Meyer’s thesis is that our sense of “progress” requires a clear historical narrative of one style replacing another (Neoclassicism → Romanticism → Realism → Impressionism), and the postmodern “everything goes" state of culture prevents us from feeling any momentum.

That being said, the most educated cultural consumers do seem to be dissatisfied with contemporary pop culture. As a Hollywood friend mused, "Everything is good, and nothing is great." In the last few decades, mass culture successfully neutralized the constant aesthetic challenge of indie avant-garde experimentation, either by delegitimizing it as pretentious or quickly absorbing and defusing its innovations. The internet meanwhile promised to be weirder, more niche, and more interesting, and yet the zeitgeist is anchored to mega-moments, rehashed reboots, and lowest common denominator viral content. New culture also seems weak in its failure to devalue older culture the way that Bob Dylan and The Beatles instantly outmoded previous decades of jazz. Does Olivia Rodrigo make Avril Lavigne unlistenable or sound even more vital?

My book's explanation for this is that (1) status value was always key to the appeal of avant-garde and indie culture, and (2) the internet conspires against providing such content with status value. In the ensuing vacuum, the mass media and elite consumers spend their energy engaging with mass culture, which is more likely than niche content to be conventional. And mass culture, by definition, lacks cachet. The most savvy consumers will always desire pop culture that both breaks conventions and offers a sense of cool, and today's mass hits rarely do either.

Other takes on the topic:

Ryan Broderick’s Garbage Day: Our Frustrating Fandom Future

In a world where you can read, watch, or listen to anything, the act of consumption isn’t impressive. So now we reward each other for consuming the meta-text — the memes, the hashtags, the community drama, and the conspiracy theories. Not only does this help small communities canonize their own monocultures, but it also has led to larger mainstream institutions fracturing themselves into small subcultures to more effectively target community members.

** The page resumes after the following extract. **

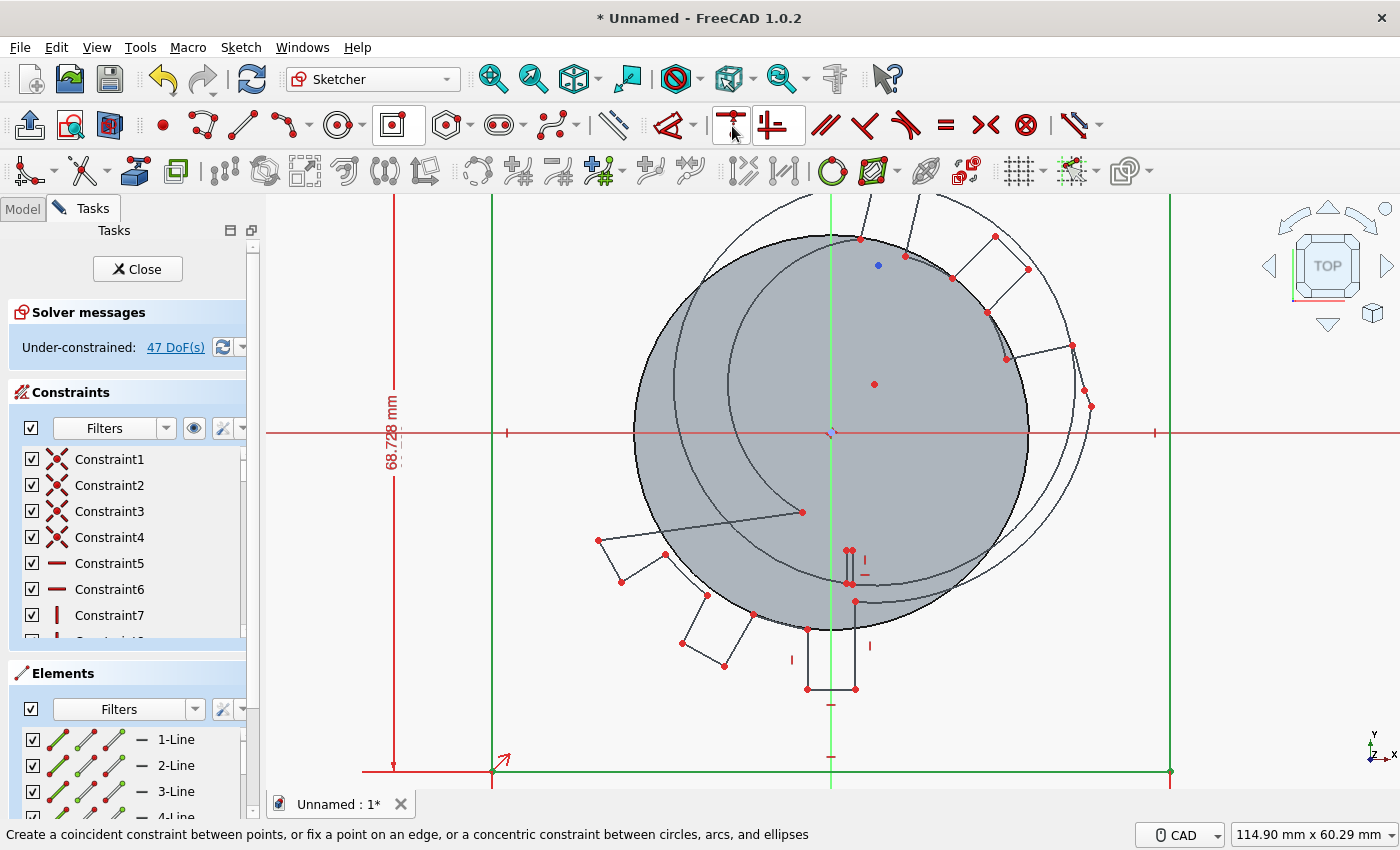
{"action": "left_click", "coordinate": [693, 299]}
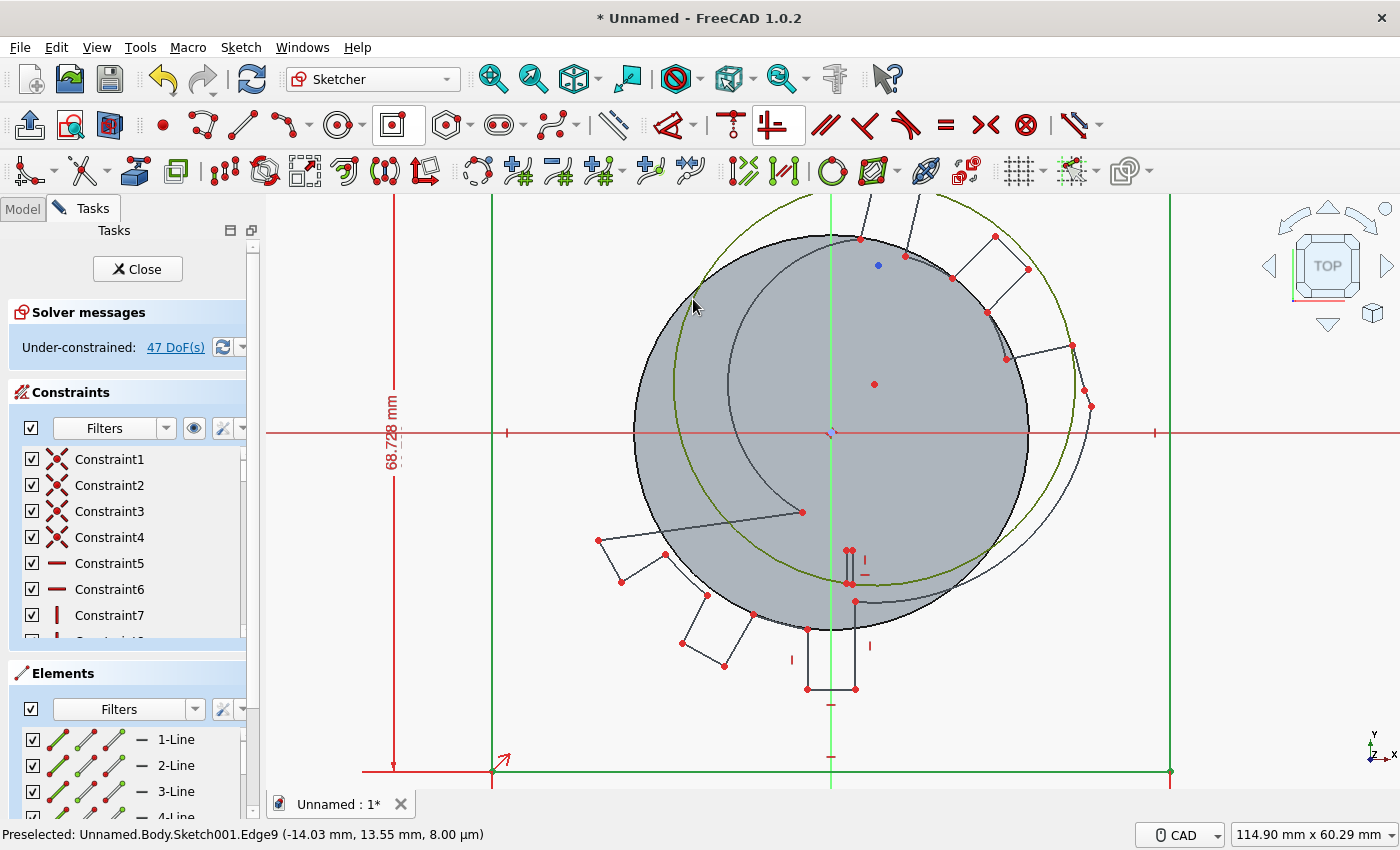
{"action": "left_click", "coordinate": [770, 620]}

Bob Lefsetz’s The Lefsetz Letter: What’s Cool

Used to be there were insiders and outsiders. Hipsters and the hoi polloi. The hipsters were there first, oftentimes what they were into broke through to the mainstream, sometimes it did not. But one thing was for sure, the hipsters lorded their dedication and knowledge over you. You weren’t aware of this? You’re listening to that crap? There were all kinds of bleeding edge phenomena that broke, and almost never instantly. The hipsters had to adopt it and it took years for the rest to catch on.

Grimes’s Tweet

The death of journalism and exceptional journalists mean nothing is canonized anymore.  Great art is made and forgotten

To which Taylor Lorenz replied:

Great art has never been memorialized in culture because of “journalism”. And things are memorialized all the time, u just forget abt them bc we don’t have a monoculture now thanks to the internet and faster and faster consumption/hype cycles constantly surfacing new art etc 😌

I do think journalists play some role in the canonization process, but not as much as critics, curators, academics, and historians. As Lorenz says, the "death" of journalism is not the key factor: the speed/quantity issues inherent in internet culture are bad for canonization. That being said, the anti-snobbery of media critics in recent years, which may derive from egalitarianism, also plays a role in shifting the focus to mega-hits.